**YOUR TASK**: What you submit must be an exact copy of the listing below, with no images in it.
===============
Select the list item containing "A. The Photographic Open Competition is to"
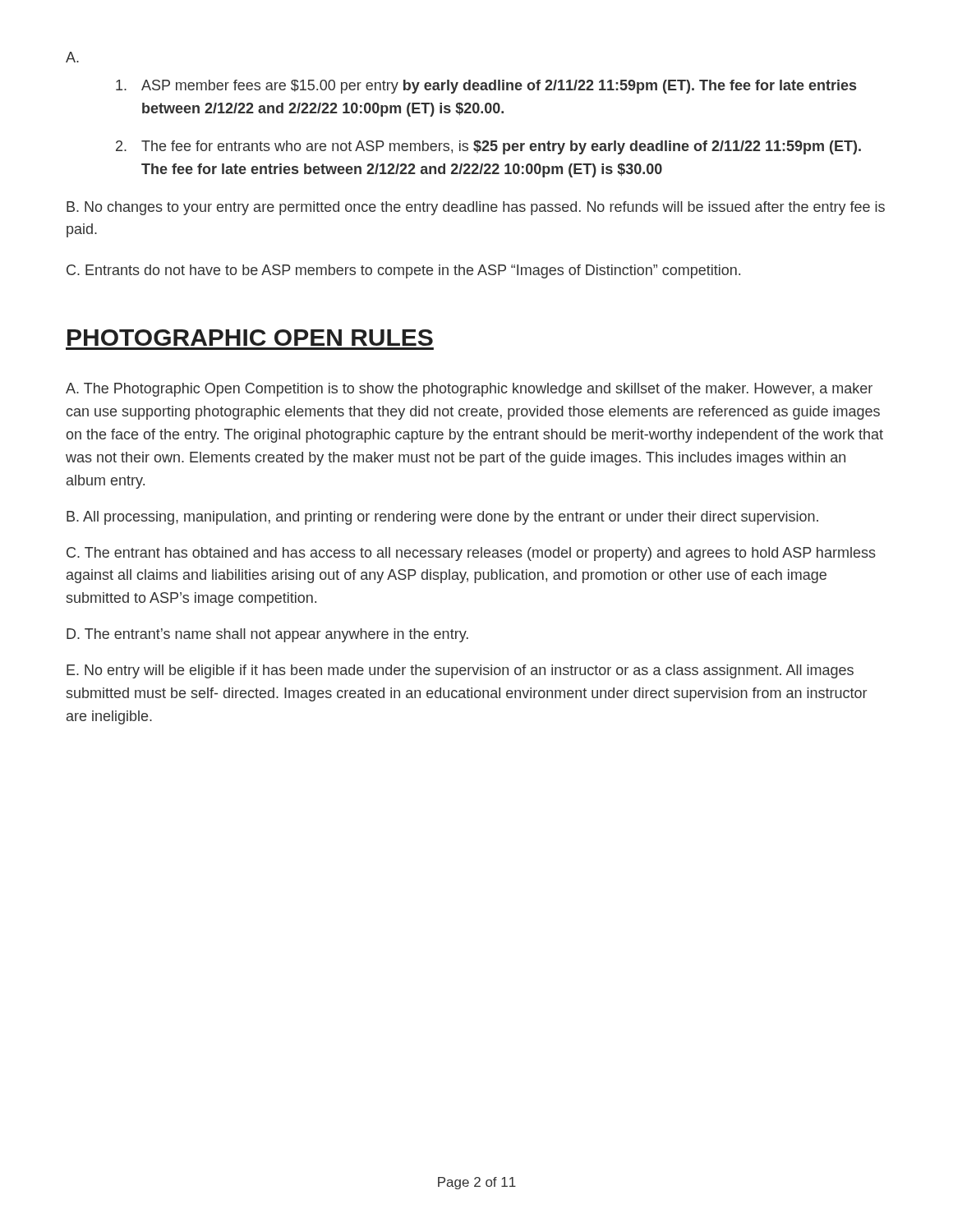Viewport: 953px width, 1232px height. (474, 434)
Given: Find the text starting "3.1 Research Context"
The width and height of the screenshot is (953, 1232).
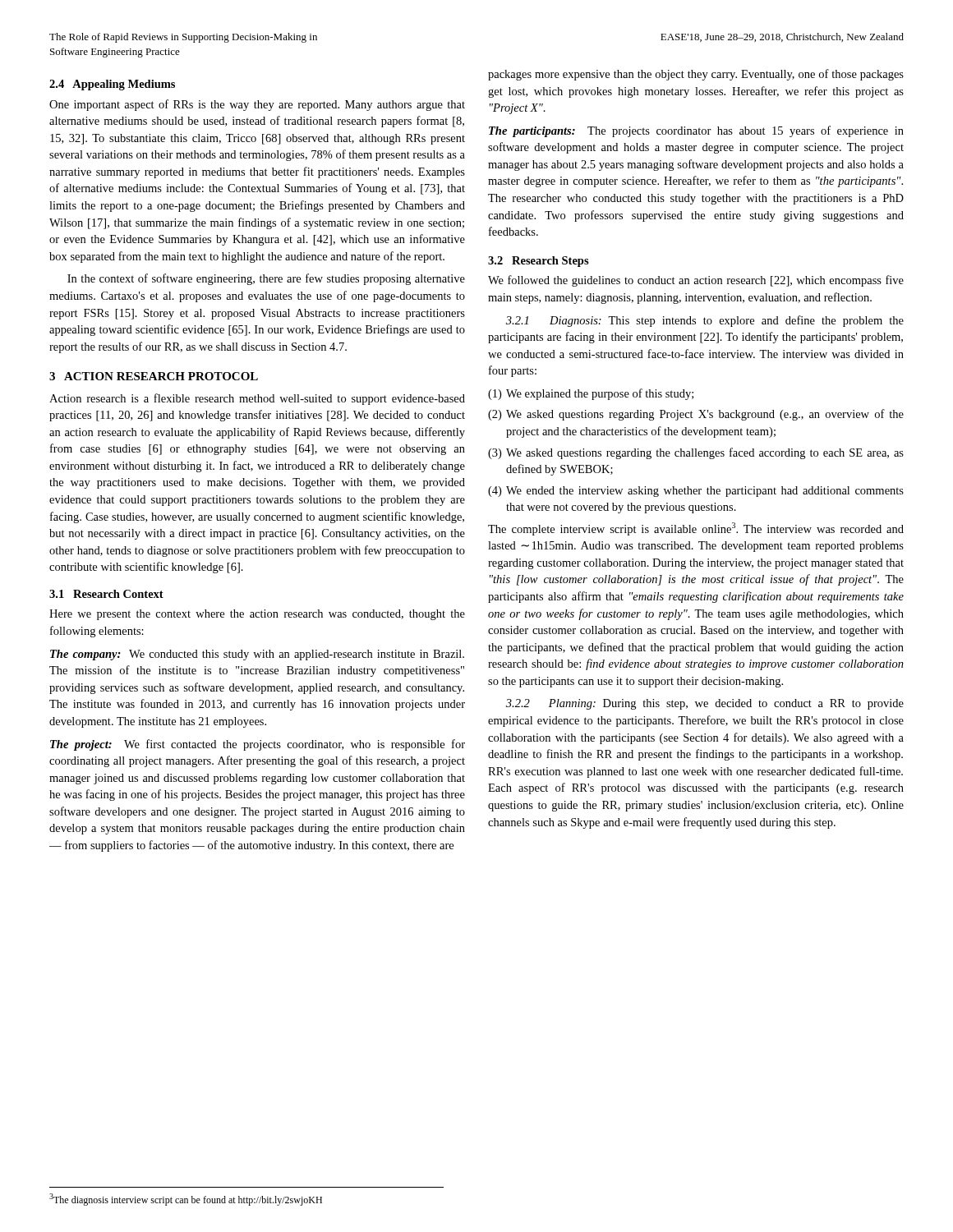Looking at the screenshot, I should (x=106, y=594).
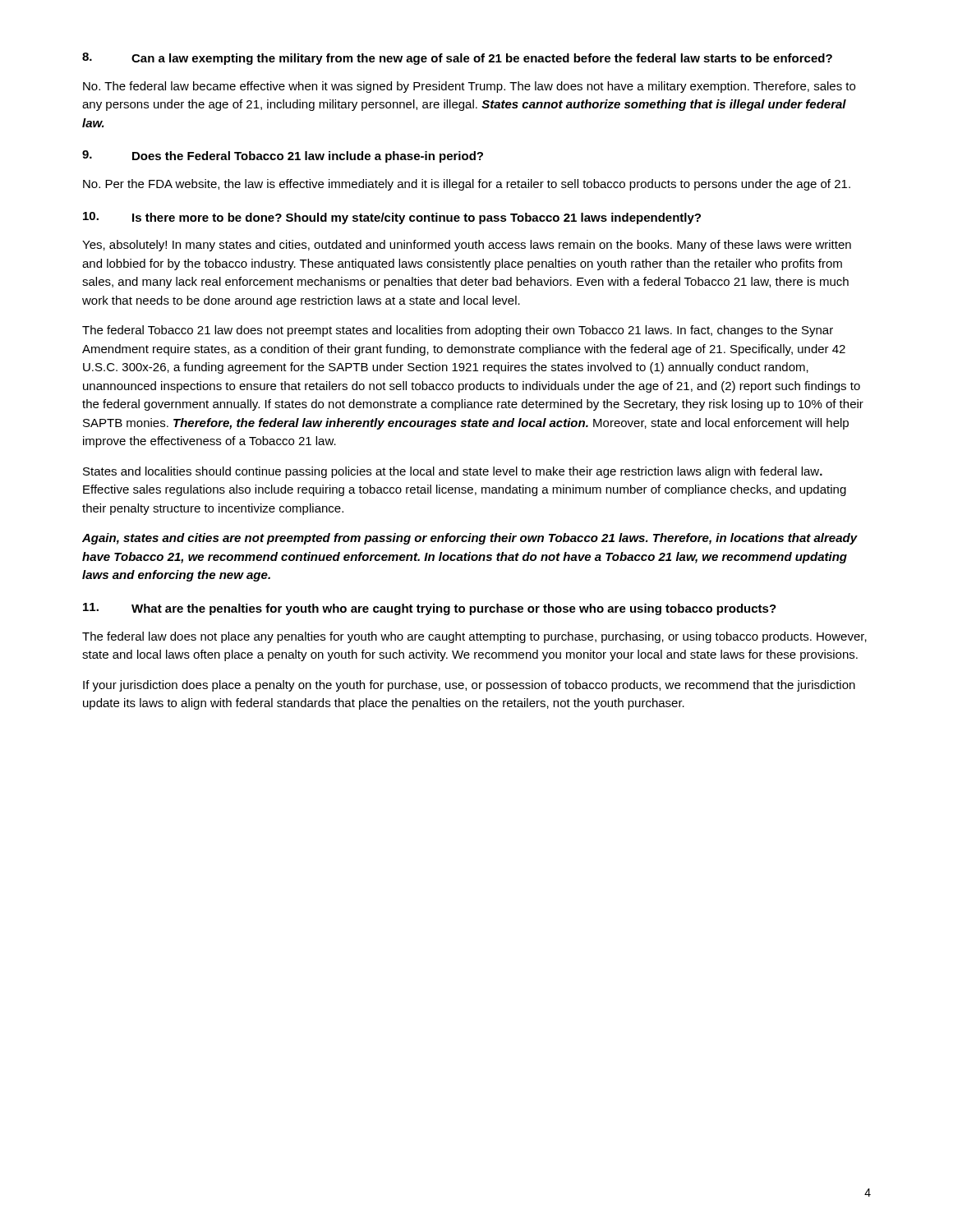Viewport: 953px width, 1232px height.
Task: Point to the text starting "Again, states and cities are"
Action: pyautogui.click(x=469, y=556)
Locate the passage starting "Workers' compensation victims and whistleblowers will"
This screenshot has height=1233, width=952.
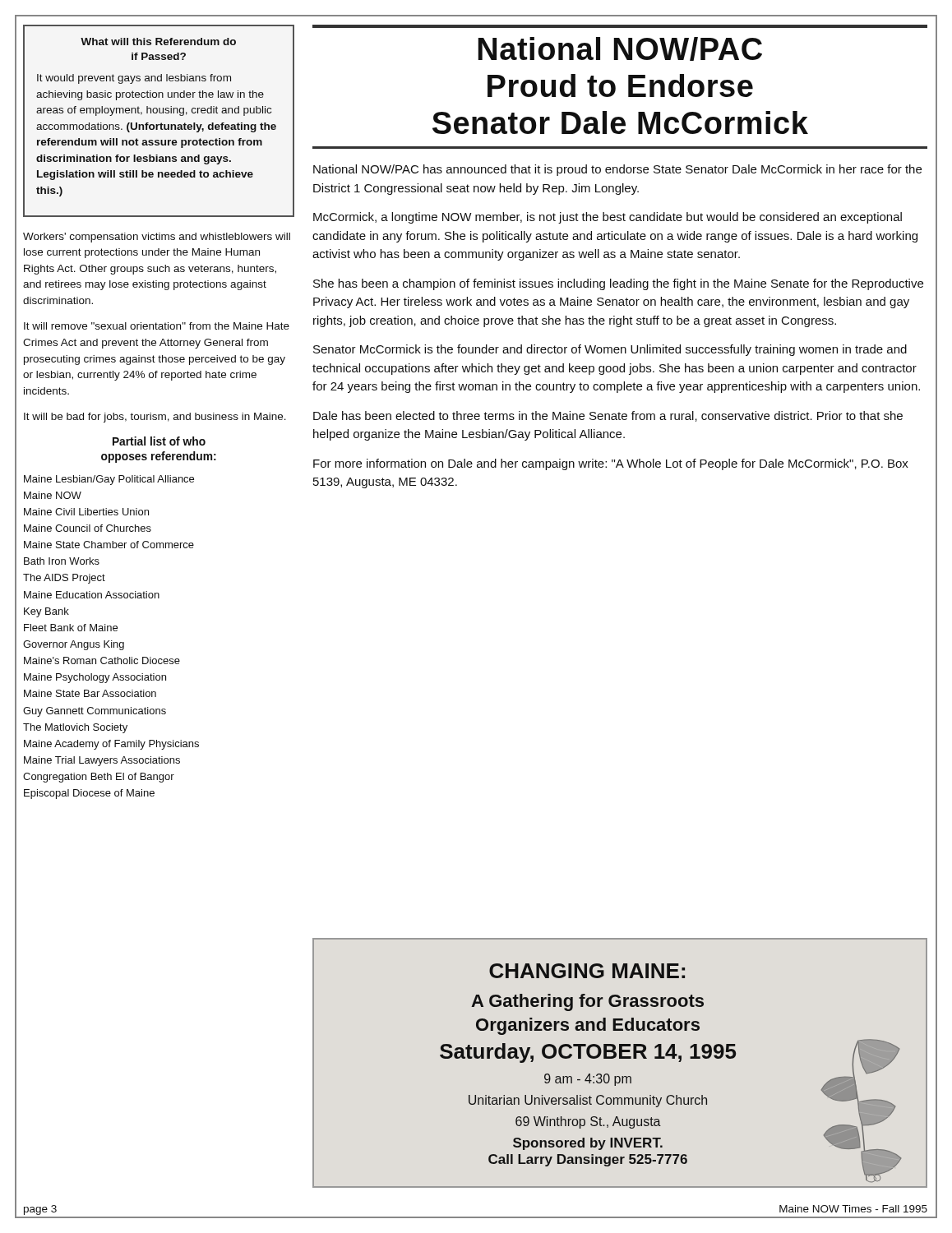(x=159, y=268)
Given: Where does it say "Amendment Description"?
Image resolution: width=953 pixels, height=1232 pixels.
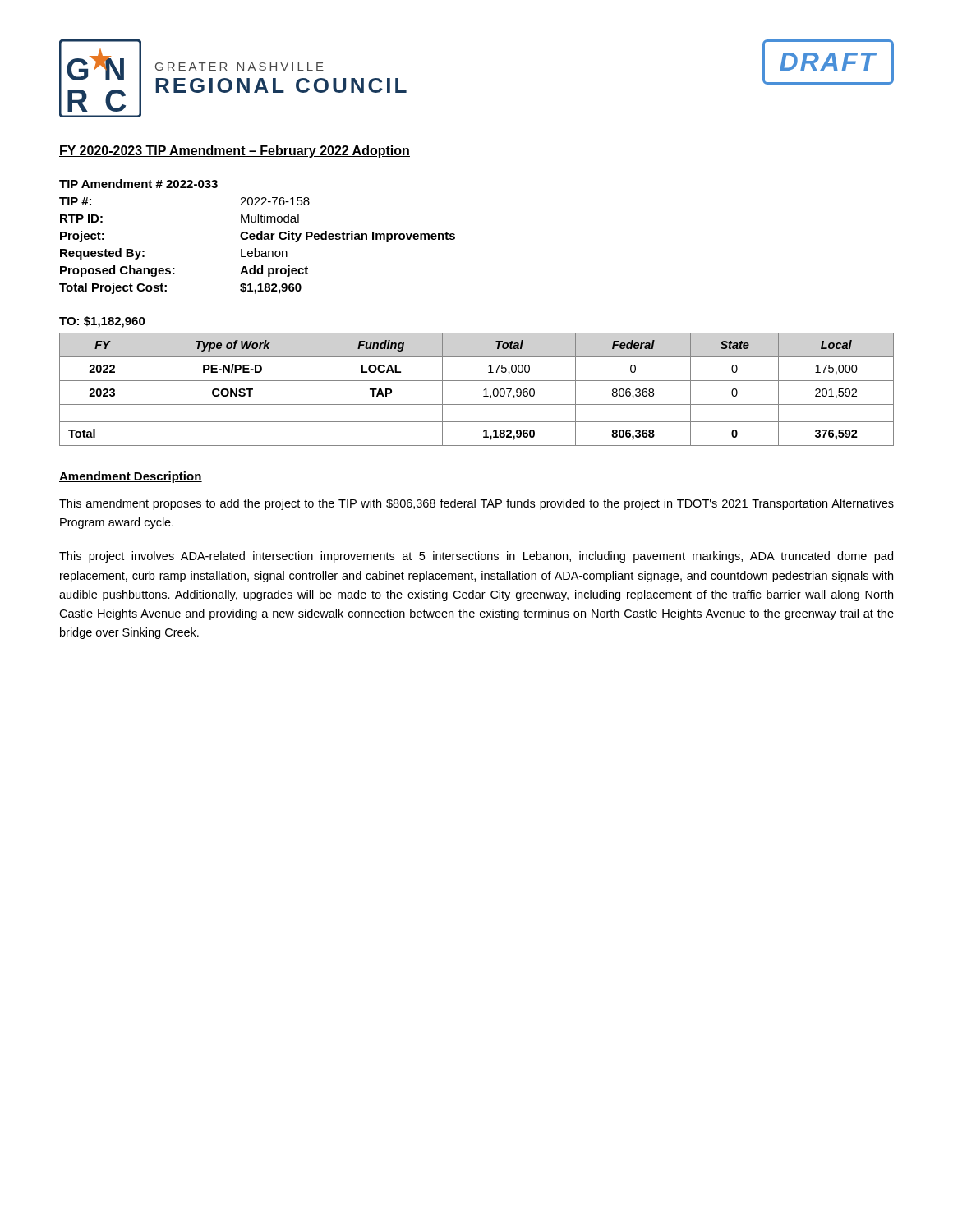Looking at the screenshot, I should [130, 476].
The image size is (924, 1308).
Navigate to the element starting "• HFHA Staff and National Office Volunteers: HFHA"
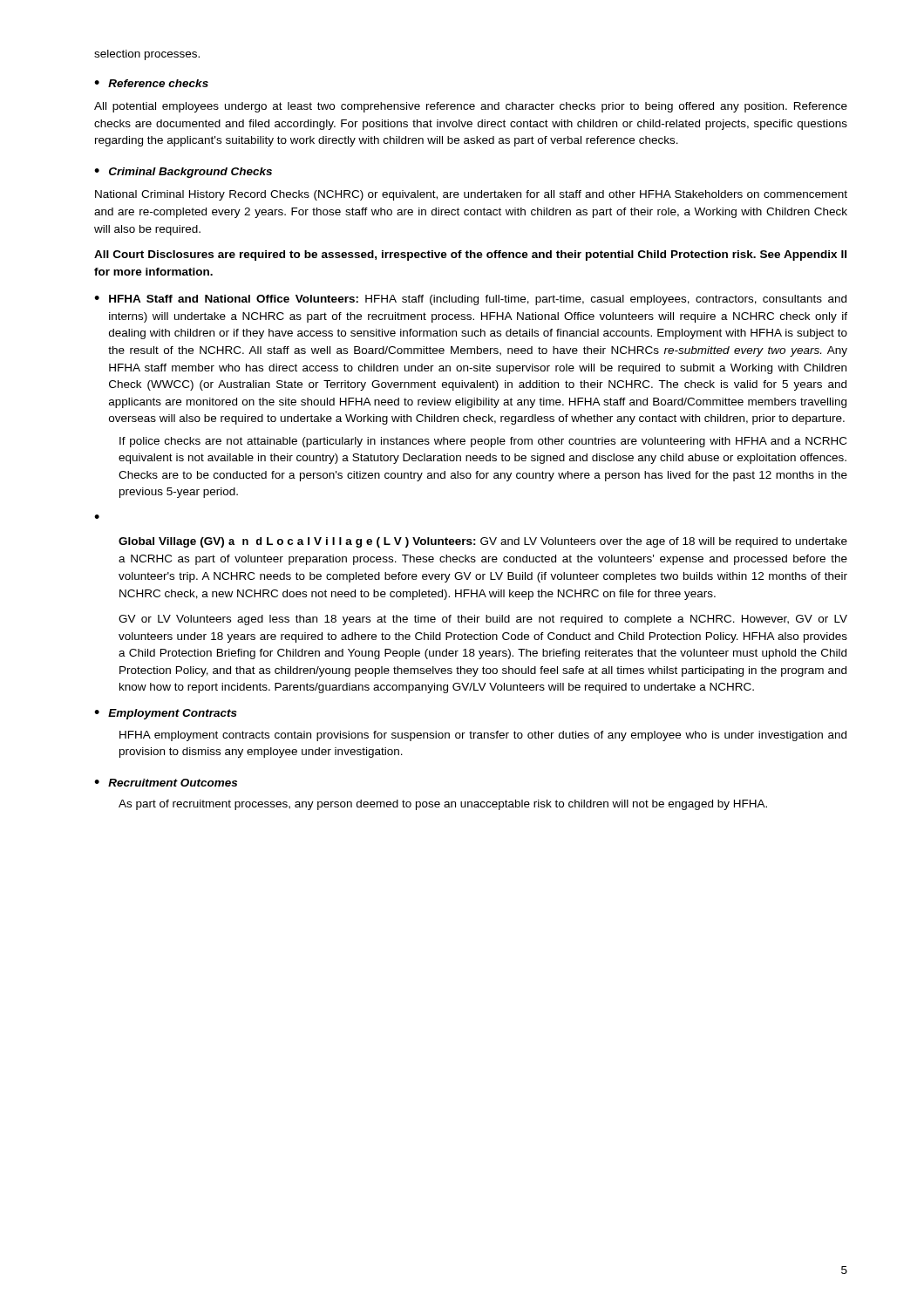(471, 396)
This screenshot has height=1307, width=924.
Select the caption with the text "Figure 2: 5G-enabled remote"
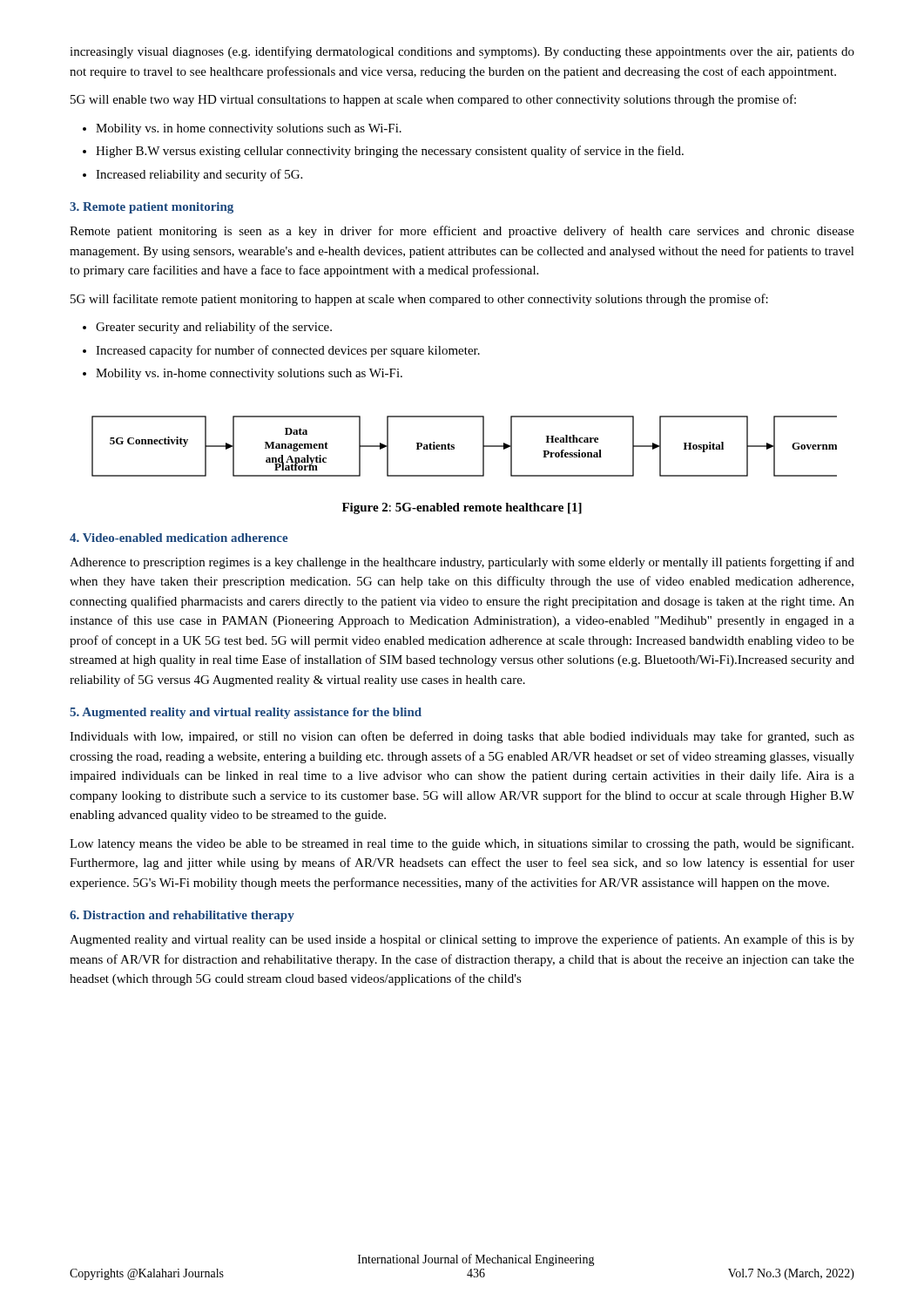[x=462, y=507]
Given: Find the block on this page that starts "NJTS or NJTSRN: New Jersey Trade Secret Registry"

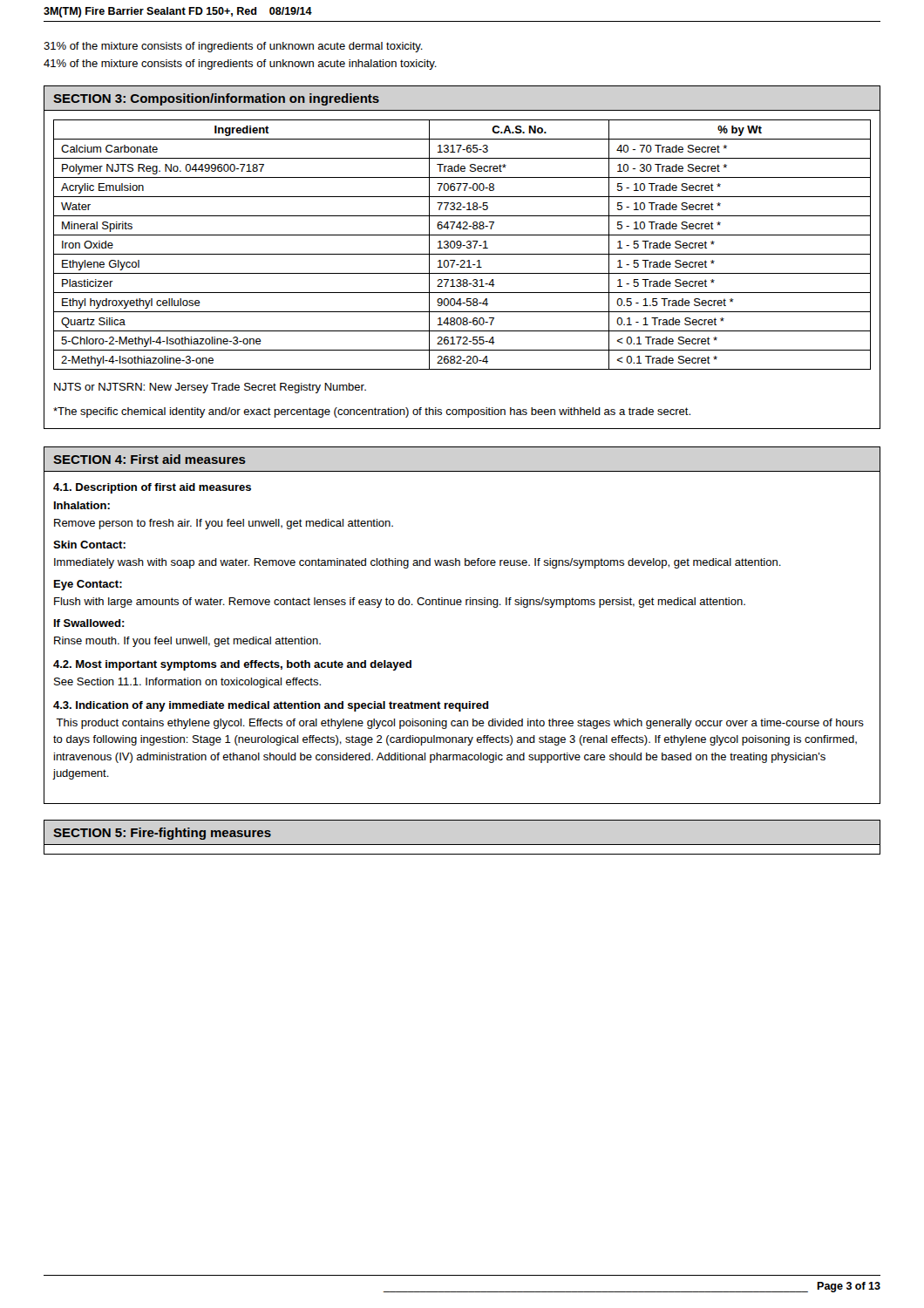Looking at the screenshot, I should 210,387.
===============
**RESULT FOR THIS EXERCISE**:
Select the list item containing "A. The Photographic Open Competition is to"
Viewport: 953px width, 1232px height. (474, 434)
Given: Find the text starting "3.1 Research Context"
The width and height of the screenshot is (953, 1232).
Looking at the screenshot, I should (x=106, y=594).
Viewport: 953px width, 1232px height.
Task: Point to the text starting "Again, states and cities are"
Action: pyautogui.click(x=469, y=556)
Locate the passage starting "Workers' compensation victims and whistleblowers will"
This screenshot has height=1233, width=952.
(x=159, y=268)
Given: Where does it say "Amendment Description"?
Image resolution: width=953 pixels, height=1232 pixels.
Looking at the screenshot, I should [130, 476].
The image size is (924, 1308).
Navigate to the element starting "• HFHA Staff and National Office Volunteers: HFHA"
(471, 396)
This screenshot has height=1307, width=924.
Select the caption with the text "Figure 2: 5G-enabled remote"
[x=462, y=507]
Given: Find the block on this page that starts "NJTS or NJTSRN: New Jersey Trade Secret Registry"

Looking at the screenshot, I should 210,387.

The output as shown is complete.